Another crucial element to SenseMaker®, and is epistemic sovereignty, is the right of any individual to interpret their own experience rather than have it interpreted by an algorithm or an expert.  That principle also extends to our work on reducing bias from facilitation and an over-dependency in organisational design and change initiatives to depend on workshops.  This is not to deny their value, but there are issues with even the most gifted in avoiding influencing the group, and that is before we get to the pseudo-psychological facilitator at the end of the spectrum between pragmatism and ideology,  when the facilitator has firm ideas about their capacity to extract the real meaning of what people are saying.   We also see anthropological criticism of Participative Action Research in privileging those participants who match the cultural expectations of the facilitator.  None of this is deliberate, by the way; it just is.  The visuals I have shown here don’t make causal statements, but they do represent patterns.

I’ve also shown two perspectives here.  They are also slightly different in style; I did think of getting them the same but decided, instead, that it shows there are options in SenseMaker® for analysts and decision-makers.  Now, for each triad, I could have had three Likert scales, but then they could all be scored high; by getting people to balance three positive qualities, we get much closer to how they feel.  It also means we need fewer checks and balances and can reduce the response time burden.  We recommend feeding the results back to participants within a day or so of their entry and gathering how they interpret the patterns revealed – make it a consultative operation, not another survey.  The feedback from that can also be stored in narrative form, and we start to build a lessons-learning database, narrative-based, which allows for peer-to-peer knowledge flow.
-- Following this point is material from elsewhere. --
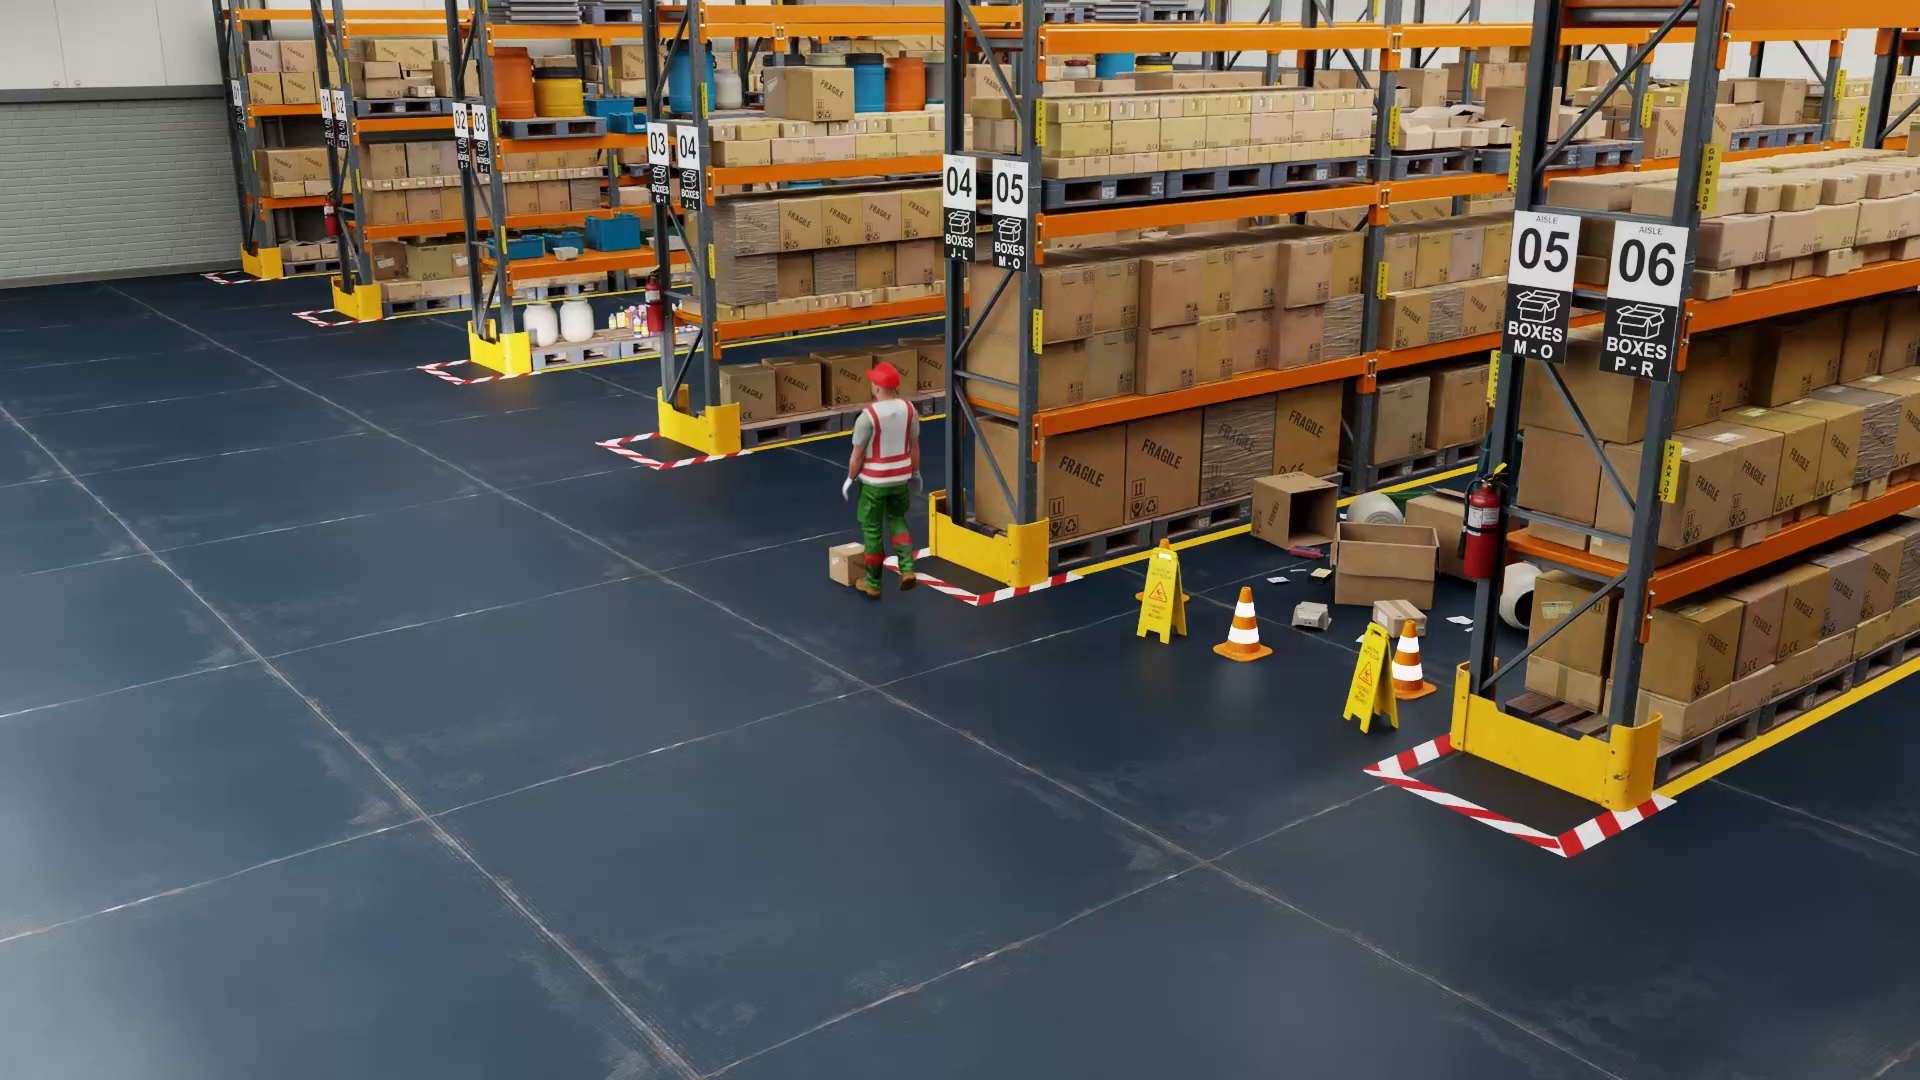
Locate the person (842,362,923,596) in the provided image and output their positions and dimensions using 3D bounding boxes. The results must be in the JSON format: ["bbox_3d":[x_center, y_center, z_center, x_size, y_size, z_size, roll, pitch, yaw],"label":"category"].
[{"bbox_3d":[-0.587,-0.454,12.358,0.599,1.797,0.496,-10,20,-30],"label":"person"}]

The triads in question are testing the motivation for using AI. We see the hyperfocus on convenience in the first and a more nuanced approach in the second between convenience and intrigue.  That could be between different groups, or it could change over time.  You can see how this works to manage the five things we need to do from the second post in this series.  We haven’t got any complex statistical reports; we have a straightforward set of patterns requiring little knowledge for active sense-making.  They also ask straightforward questions: Why do we see it like this, and they see it like that?   Creating anomalies, showing differences and critically making no judgements.   And, of course, I still have the original narratives to go with the data.   I’ve shown below one of the slides we put together on this project to illustrate that.

Once you have that data, the change mechanism is pretty simple; you ask the question: How would we create more stories like these and fewer like those?  The context is carried with the question; it requires no elaboration or specialist knowledge, and there is nothing about abstract qualities, causal factors or whatever.  And given it’s based on mass input with qualitative data, I can measure if that change is being achieved.  In effect, we measure vectors, not outcomes; we manage shifts from where we are rather than fantasising about some ideal future state.  Going beyond that, I can present the visuals for the organisation or any part thereof.  So people are only asking the vector question (How would we create more stories like these and fewer like those?) at their level of competence to act.  Rather than a one size fits all change programme, we have a context-specific one with multiple small initiatives that will align the organisation over time.  That also allows us to adjust our direction of travel as we go.  And, of course, we can confidently combine triad data into full landscapes. Still, people have to trust the results:  Landscapes are more valuable in that no one can trace input to output, but equally, they require more trust for precisely the same reason.

In the work we are about to start on citizen engagement, we can also use this technique, at scale, to identify issues which warring factions have in common and algorithmically trigger micro-investments to get them working together. At this point, they can talk about their differences when they are ready to do so.  The same technique and the Triopticon can be used for trans-disciplinary and cross-silo work in organisations.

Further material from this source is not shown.